WHAT TO WORK ON:
Only the lines below, from the one with "Give a very brief answer. 97.19." through the one with "Offer a very short reply. 5.23.", are to be written out, exactly.

============

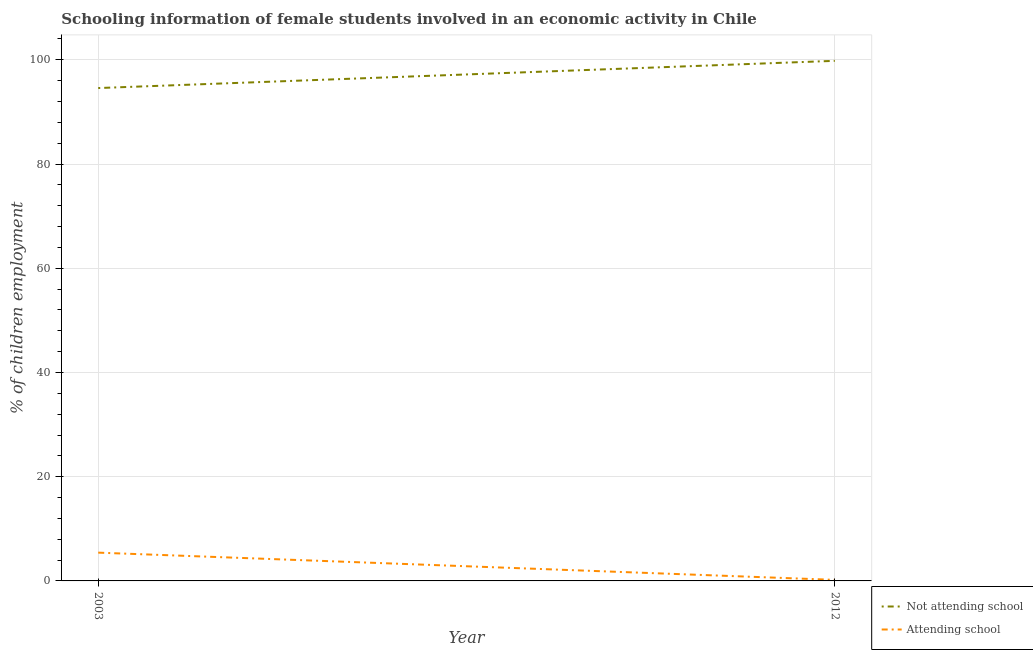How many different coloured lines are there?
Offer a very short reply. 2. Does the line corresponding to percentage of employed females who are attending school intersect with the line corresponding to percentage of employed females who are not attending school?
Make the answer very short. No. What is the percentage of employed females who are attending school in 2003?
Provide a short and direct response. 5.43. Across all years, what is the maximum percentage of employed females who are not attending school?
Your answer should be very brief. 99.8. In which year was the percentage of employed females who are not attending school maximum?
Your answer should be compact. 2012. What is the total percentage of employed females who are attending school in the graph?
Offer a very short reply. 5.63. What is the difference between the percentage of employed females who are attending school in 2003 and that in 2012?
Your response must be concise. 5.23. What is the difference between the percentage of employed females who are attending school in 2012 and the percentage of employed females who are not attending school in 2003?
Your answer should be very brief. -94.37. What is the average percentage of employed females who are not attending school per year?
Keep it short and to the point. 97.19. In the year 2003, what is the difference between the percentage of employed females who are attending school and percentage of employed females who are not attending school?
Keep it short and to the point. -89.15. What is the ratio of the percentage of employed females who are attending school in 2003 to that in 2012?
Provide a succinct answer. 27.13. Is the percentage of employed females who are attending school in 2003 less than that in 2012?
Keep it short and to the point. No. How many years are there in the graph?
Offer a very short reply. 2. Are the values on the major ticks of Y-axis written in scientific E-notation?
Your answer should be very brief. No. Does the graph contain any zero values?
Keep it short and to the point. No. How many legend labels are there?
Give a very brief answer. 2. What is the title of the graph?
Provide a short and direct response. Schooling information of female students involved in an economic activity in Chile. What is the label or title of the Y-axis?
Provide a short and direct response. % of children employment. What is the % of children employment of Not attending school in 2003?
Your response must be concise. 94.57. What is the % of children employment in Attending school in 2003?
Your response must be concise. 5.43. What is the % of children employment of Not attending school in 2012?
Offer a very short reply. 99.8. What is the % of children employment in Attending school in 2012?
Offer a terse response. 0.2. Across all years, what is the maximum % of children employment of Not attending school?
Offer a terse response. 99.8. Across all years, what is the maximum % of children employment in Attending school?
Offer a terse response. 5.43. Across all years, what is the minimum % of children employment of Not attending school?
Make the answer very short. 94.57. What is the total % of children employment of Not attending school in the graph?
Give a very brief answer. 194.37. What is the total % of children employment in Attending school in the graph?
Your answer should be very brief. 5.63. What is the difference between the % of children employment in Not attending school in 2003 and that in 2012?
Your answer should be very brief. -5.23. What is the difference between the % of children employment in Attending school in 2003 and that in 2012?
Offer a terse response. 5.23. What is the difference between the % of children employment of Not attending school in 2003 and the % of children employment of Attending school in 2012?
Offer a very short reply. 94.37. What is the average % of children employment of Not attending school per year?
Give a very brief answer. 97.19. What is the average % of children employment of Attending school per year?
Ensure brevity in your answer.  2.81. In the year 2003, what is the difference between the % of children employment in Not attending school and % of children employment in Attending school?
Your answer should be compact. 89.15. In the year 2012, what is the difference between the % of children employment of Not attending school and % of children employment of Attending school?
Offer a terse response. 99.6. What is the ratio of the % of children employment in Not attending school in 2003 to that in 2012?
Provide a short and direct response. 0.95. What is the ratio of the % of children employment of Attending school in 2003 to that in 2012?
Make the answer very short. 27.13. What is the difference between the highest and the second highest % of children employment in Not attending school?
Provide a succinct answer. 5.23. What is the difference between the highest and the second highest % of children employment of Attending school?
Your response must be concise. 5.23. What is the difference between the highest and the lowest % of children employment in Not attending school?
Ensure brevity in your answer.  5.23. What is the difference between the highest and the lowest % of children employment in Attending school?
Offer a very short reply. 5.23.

============

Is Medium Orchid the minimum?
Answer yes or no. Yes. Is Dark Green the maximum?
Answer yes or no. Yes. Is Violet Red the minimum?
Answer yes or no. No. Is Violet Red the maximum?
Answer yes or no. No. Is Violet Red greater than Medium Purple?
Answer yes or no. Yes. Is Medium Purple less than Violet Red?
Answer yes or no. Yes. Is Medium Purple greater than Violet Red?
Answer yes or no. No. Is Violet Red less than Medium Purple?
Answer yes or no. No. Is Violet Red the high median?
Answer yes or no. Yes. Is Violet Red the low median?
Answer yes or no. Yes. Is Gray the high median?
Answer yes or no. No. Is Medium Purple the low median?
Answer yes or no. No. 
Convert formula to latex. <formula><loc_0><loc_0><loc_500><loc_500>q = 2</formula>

============

SOLUTION:
Give a very brief answer. 97.19. What is the average % of children employment of Attending school per year?
Ensure brevity in your answer.  2.81. In the year 2003, what is the difference between the % of children employment in Not attending school and % of children employment in Attending school?
Your answer should be compact. 89.15. In the year 2012, what is the difference between the % of children employment of Not attending school and % of children employment of Attending school?
Offer a terse response. 99.6. What is the ratio of the % of children employment in Not attending school in 2003 to that in 2012?
Provide a short and direct response. 0.95. What is the ratio of the % of children employment of Attending school in 2003 to that in 2012?
Make the answer very short. 27.13. What is the difference between the highest and the second highest % of children employment in Not attending school?
Provide a succinct answer. 5.23. What is the difference between the highest and the second highest % of children employment of Attending school?
Your response must be concise. 5.23. What is the difference between the highest and the lowest % of children employment in Not attending school?
Ensure brevity in your answer.  5.23. What is the difference between the highest and the lowest % of children employment in Attending school?
Offer a very short reply. 5.23.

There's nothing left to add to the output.